Sensitivity of top-down estimates of CO sources to GCTM transport

Avelino F Arellano, Peter G. Hess

Research output: Contribution to journalArticle

28 Citations (Scopus)

Abstract

Estimates of CO sources derived from inversions using satellite observations still exhibit discrepancies. Here, we conduct controlled inverse analyses to elucidate the influence of model transport on the robustness of regional CO source estimates. We utilized Model of Ozone and Related chemical Tracers global chemical transport models (GCTM) driven by National Centers for Environmental Prediction and European Centre for Medium-Range Weather Forecast reanalyses, and GEOS-Chem GCTM driven by Global Modeling and Assimilation Office assimilated meteorology to generate response functions for prescribed regional CO sources. We find that inter-model differences in CO due to differences in transport are within 10-30% of inter-model mean CO concentration.
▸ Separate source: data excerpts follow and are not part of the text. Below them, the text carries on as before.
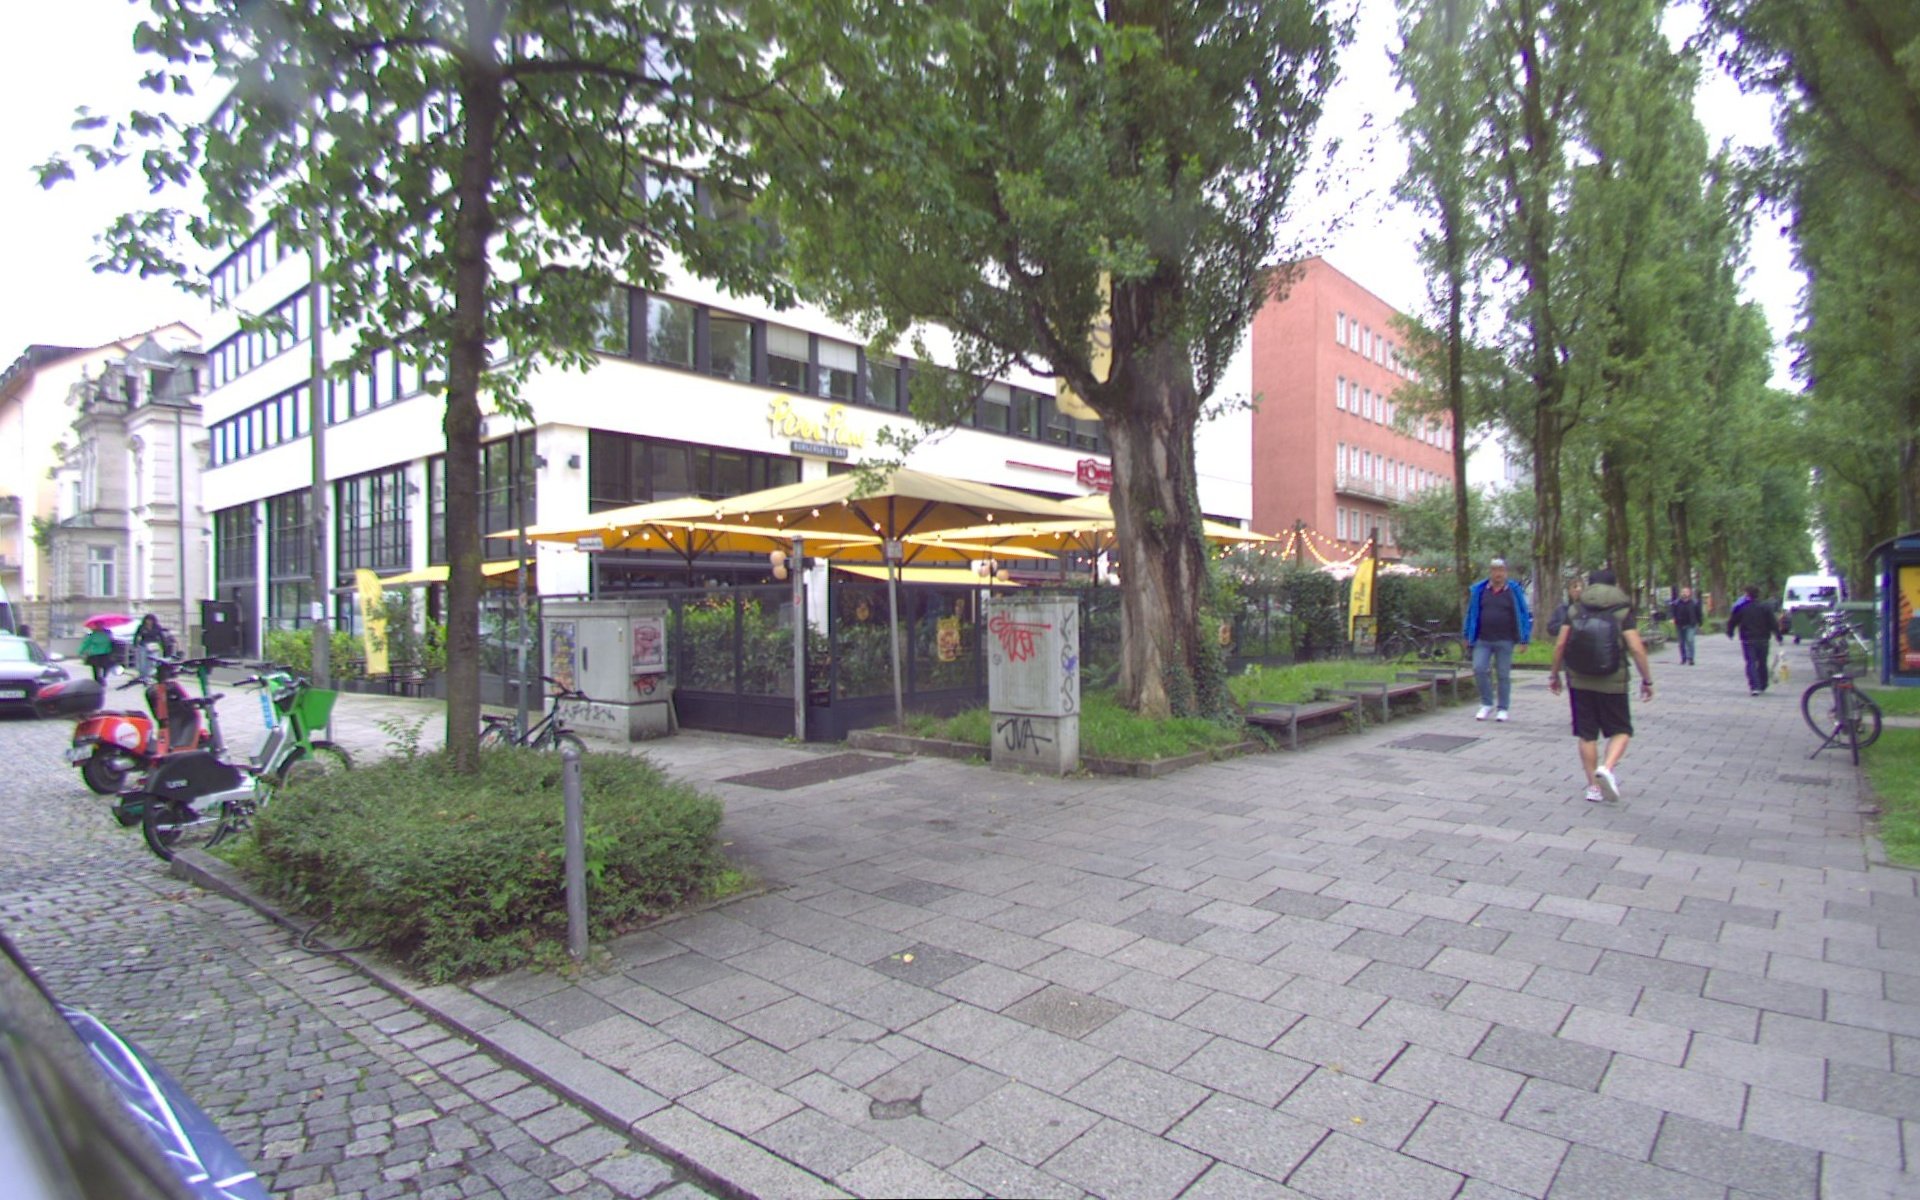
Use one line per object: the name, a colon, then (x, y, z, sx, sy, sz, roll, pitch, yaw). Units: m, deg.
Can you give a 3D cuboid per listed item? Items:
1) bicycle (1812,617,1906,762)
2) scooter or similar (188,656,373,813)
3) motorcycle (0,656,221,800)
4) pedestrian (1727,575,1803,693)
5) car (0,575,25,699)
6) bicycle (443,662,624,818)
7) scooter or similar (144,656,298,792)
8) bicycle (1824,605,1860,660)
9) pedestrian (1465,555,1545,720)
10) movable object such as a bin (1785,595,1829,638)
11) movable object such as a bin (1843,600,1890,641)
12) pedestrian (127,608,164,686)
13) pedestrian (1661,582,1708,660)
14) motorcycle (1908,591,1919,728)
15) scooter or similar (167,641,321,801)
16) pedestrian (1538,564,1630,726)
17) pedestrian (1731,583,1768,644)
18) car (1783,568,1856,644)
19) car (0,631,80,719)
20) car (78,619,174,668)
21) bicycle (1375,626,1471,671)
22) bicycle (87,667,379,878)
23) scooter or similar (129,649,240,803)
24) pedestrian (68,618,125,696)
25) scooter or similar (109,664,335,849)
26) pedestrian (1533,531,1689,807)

However, these differences can translate to regionally significant spread in source estimates. While we find that CO source estimates for East Asia and North Africa are reasonably robust, we find inconsistencies and inter-model spread of greater than 40% in our source estimates for Indonesia, South America, Europe and Russia. This indicates the need for rigorous assessment on uncertainties in top-down source estimates through model inter-comparisons and ensemble approaches.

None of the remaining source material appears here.